Task details:
When you copy the material below, keep every line exact and drop the pictures.

*** Begin section ***

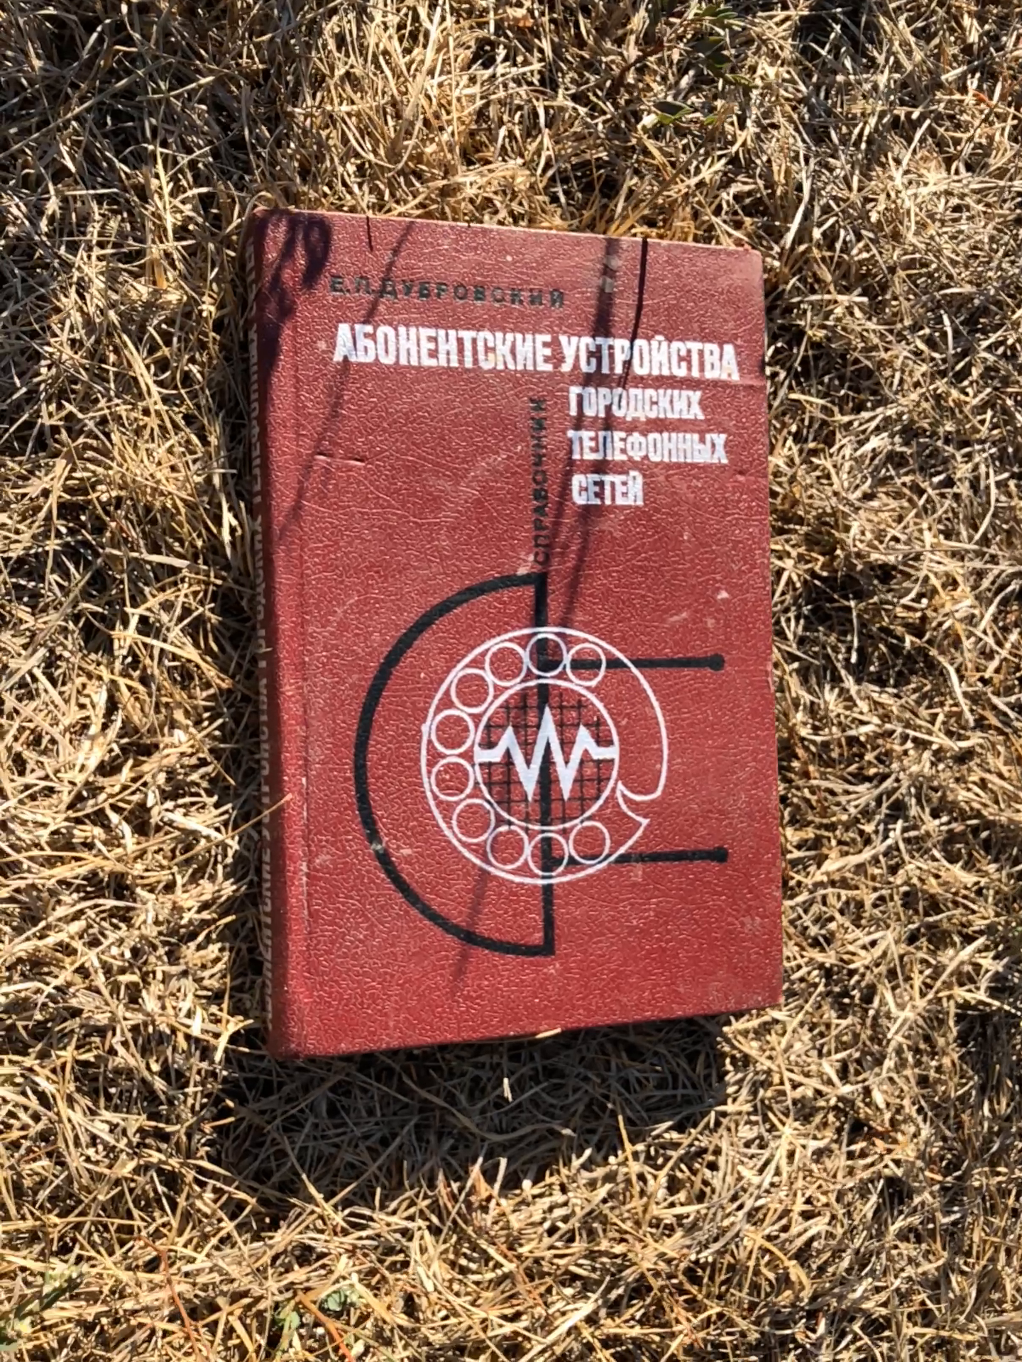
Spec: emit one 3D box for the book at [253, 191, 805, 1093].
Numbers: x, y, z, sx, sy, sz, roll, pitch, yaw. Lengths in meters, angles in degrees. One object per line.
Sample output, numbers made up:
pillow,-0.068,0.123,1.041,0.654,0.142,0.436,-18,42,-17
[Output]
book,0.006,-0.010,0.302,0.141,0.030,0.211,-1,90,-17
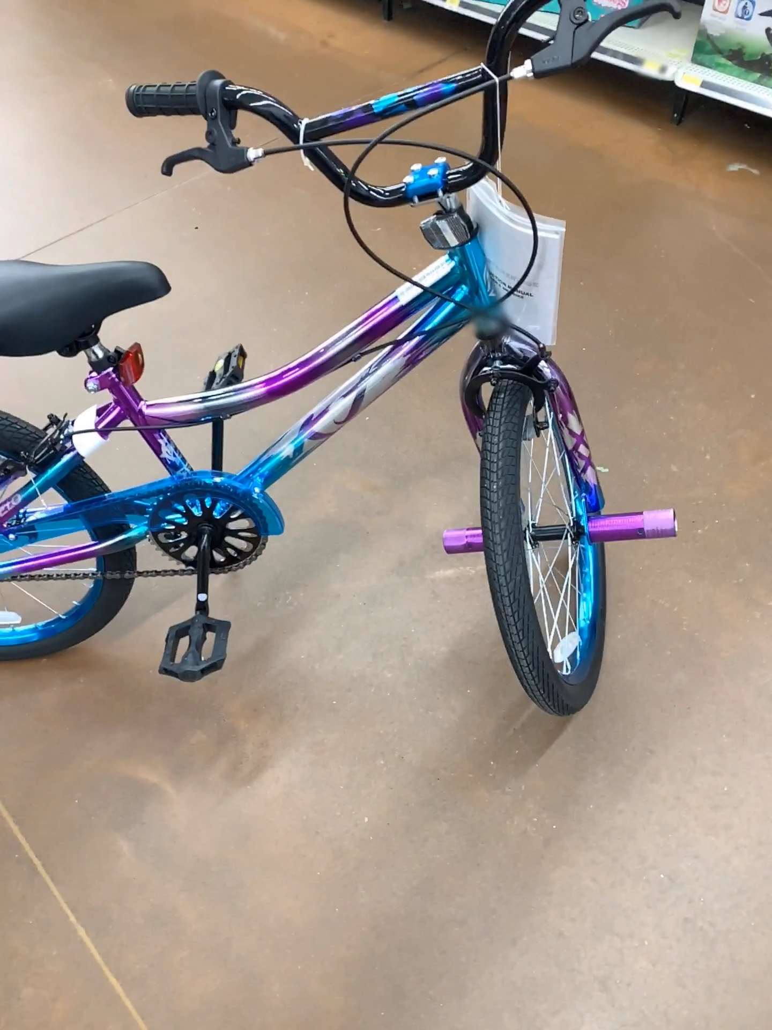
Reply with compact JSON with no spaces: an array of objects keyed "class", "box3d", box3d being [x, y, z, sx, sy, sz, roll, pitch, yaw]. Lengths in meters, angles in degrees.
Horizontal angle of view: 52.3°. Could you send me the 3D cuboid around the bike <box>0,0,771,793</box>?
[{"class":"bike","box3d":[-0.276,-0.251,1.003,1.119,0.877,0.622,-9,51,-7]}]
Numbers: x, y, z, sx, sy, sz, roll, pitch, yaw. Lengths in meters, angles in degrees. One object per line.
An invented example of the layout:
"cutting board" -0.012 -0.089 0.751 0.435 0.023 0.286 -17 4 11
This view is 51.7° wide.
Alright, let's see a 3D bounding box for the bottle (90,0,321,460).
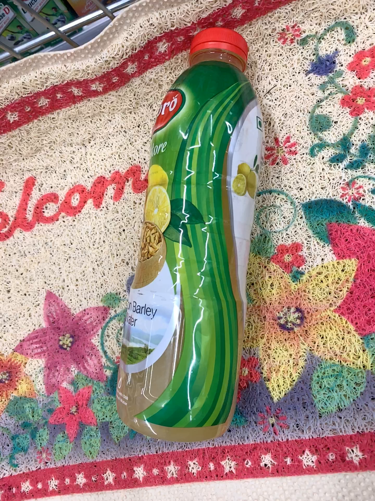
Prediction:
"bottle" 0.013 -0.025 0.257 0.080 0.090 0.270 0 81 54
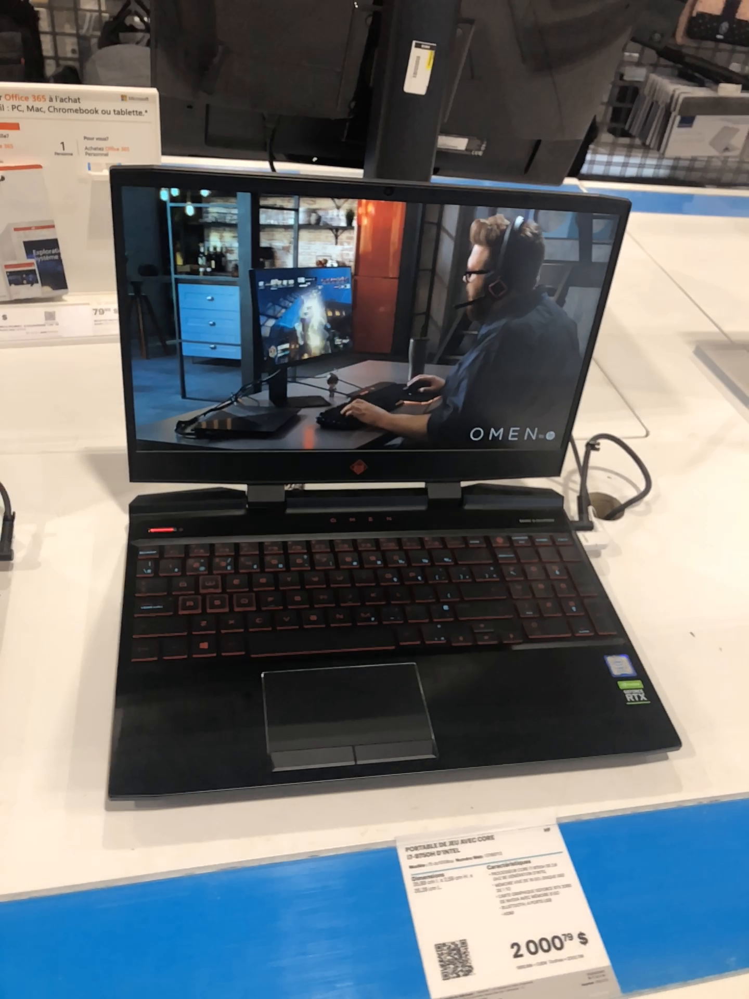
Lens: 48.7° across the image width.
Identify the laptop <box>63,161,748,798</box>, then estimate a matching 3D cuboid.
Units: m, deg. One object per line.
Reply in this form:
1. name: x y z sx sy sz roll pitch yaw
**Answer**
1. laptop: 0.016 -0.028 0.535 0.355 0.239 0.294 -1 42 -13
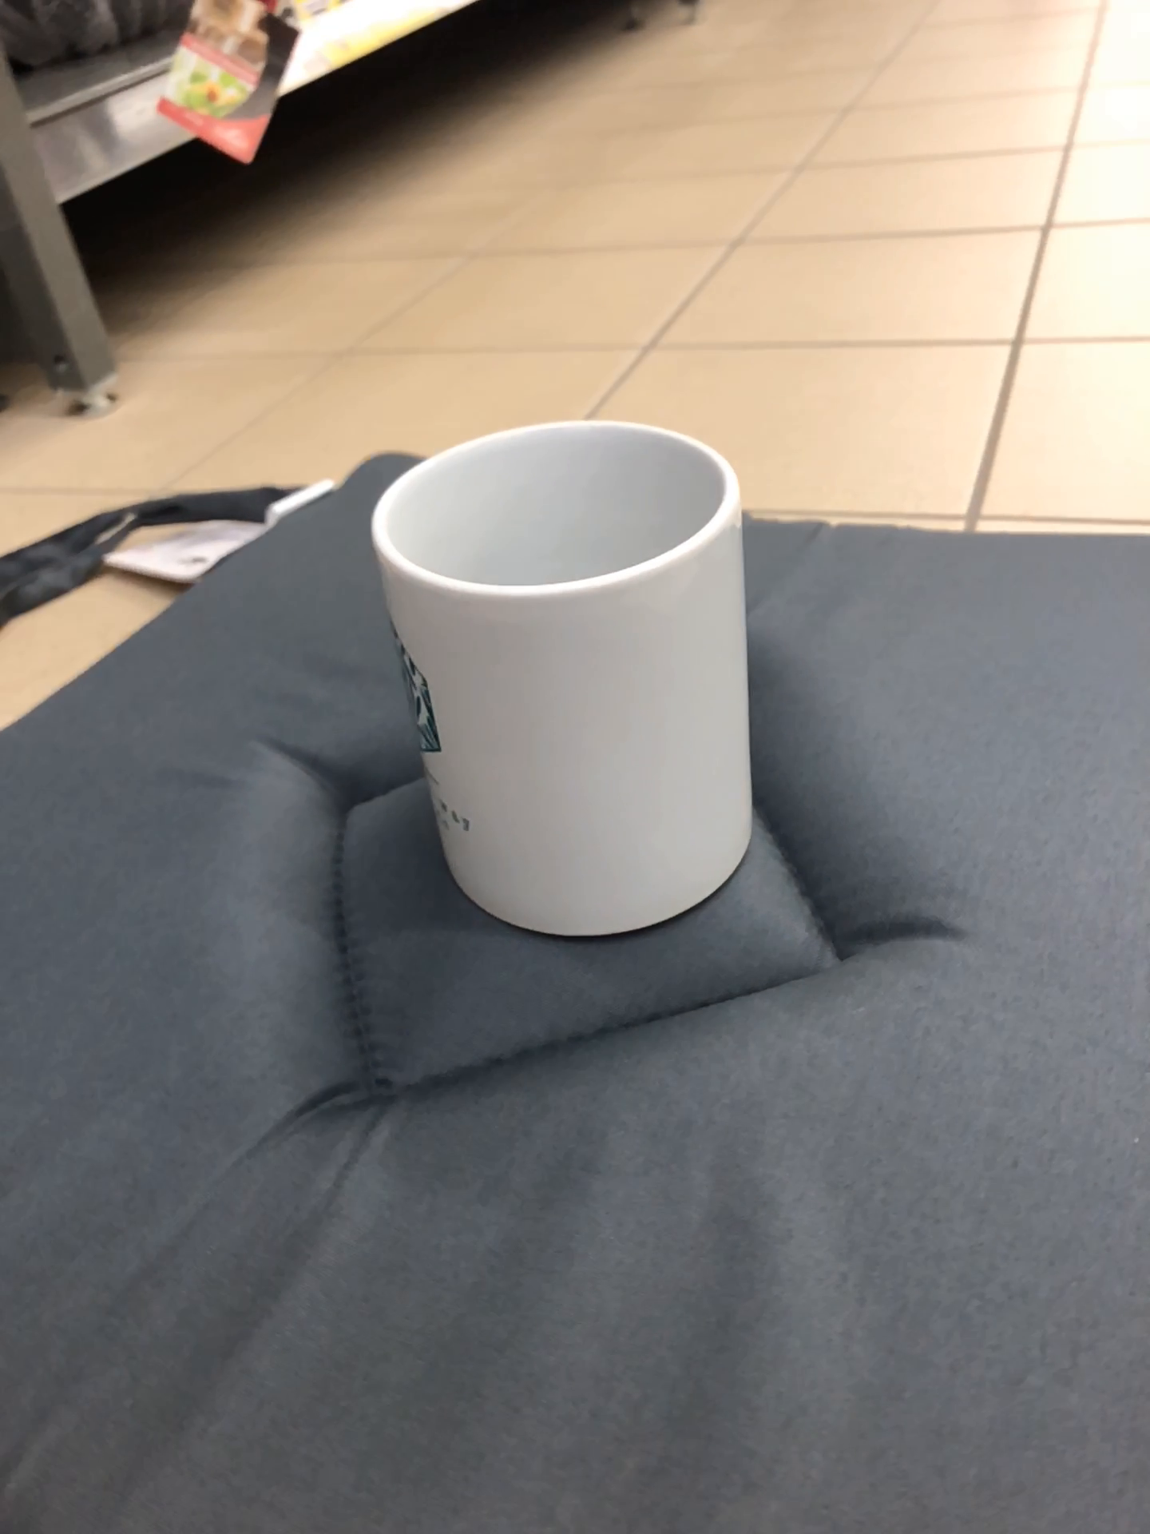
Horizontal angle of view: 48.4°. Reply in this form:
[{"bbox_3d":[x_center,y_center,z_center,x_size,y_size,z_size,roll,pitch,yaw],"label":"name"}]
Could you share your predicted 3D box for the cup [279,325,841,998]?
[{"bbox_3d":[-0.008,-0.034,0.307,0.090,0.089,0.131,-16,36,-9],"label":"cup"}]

*** End section ***

Result:
Spec: emit one 3D box for the book at [253, 191, 805, 1093].
Numbers: x, y, z, sx, sy, sz, roll, pitch, yaw. Lengths in meters, angles in degrees. One object per line.
Sample output, numbers made up:
pillow,-0.068,0.123,1.041,0.654,0.142,0.436,-18,42,-17
[Output]
book,0.006,-0.010,0.302,0.141,0.030,0.211,-1,90,-17
Reply with compact JSON with no spaces: an array of objects keyed "class", "box3d", box3d being [x, y, z, sx, sy, sz, roll, pitch, yaw]. Lengths in meters, angles in degrees.
Horizontal angle of view: 52.3°. Could you send me the 3D cuboid around the bike <box>0,0,771,793</box>?
[{"class":"bike","box3d":[-0.276,-0.251,1.003,1.119,0.877,0.622,-9,51,-7]}]
Numbers: x, y, z, sx, sy, sz, roll, pitch, yaw. Lengths in meters, angles in degrees. One object per line.
An invented example of the layout:
"cutting board" -0.012 -0.089 0.751 0.435 0.023 0.286 -17 4 11
This view is 51.7° wide.
Alright, let's see a 3D bounding box for the bottle (90,0,321,460).
Prediction:
"bottle" 0.013 -0.025 0.257 0.080 0.090 0.270 0 81 54
Lens: 48.7° across the image width.
Identify the laptop <box>63,161,748,798</box>, then estimate a matching 3D cuboid.
Units: m, deg. One object per line.
Reply in this form:
1. name: x y z sx sy sz roll pitch yaw
**Answer**
1. laptop: 0.016 -0.028 0.535 0.355 0.239 0.294 -1 42 -13
Horizontal angle of view: 48.4°. Reply in this form:
[{"bbox_3d":[x_center,y_center,z_center,x_size,y_size,z_size,roll,pitch,yaw],"label":"name"}]
Could you share your predicted 3D box for the cup [279,325,841,998]?
[{"bbox_3d":[-0.008,-0.034,0.307,0.090,0.089,0.131,-16,36,-9],"label":"cup"}]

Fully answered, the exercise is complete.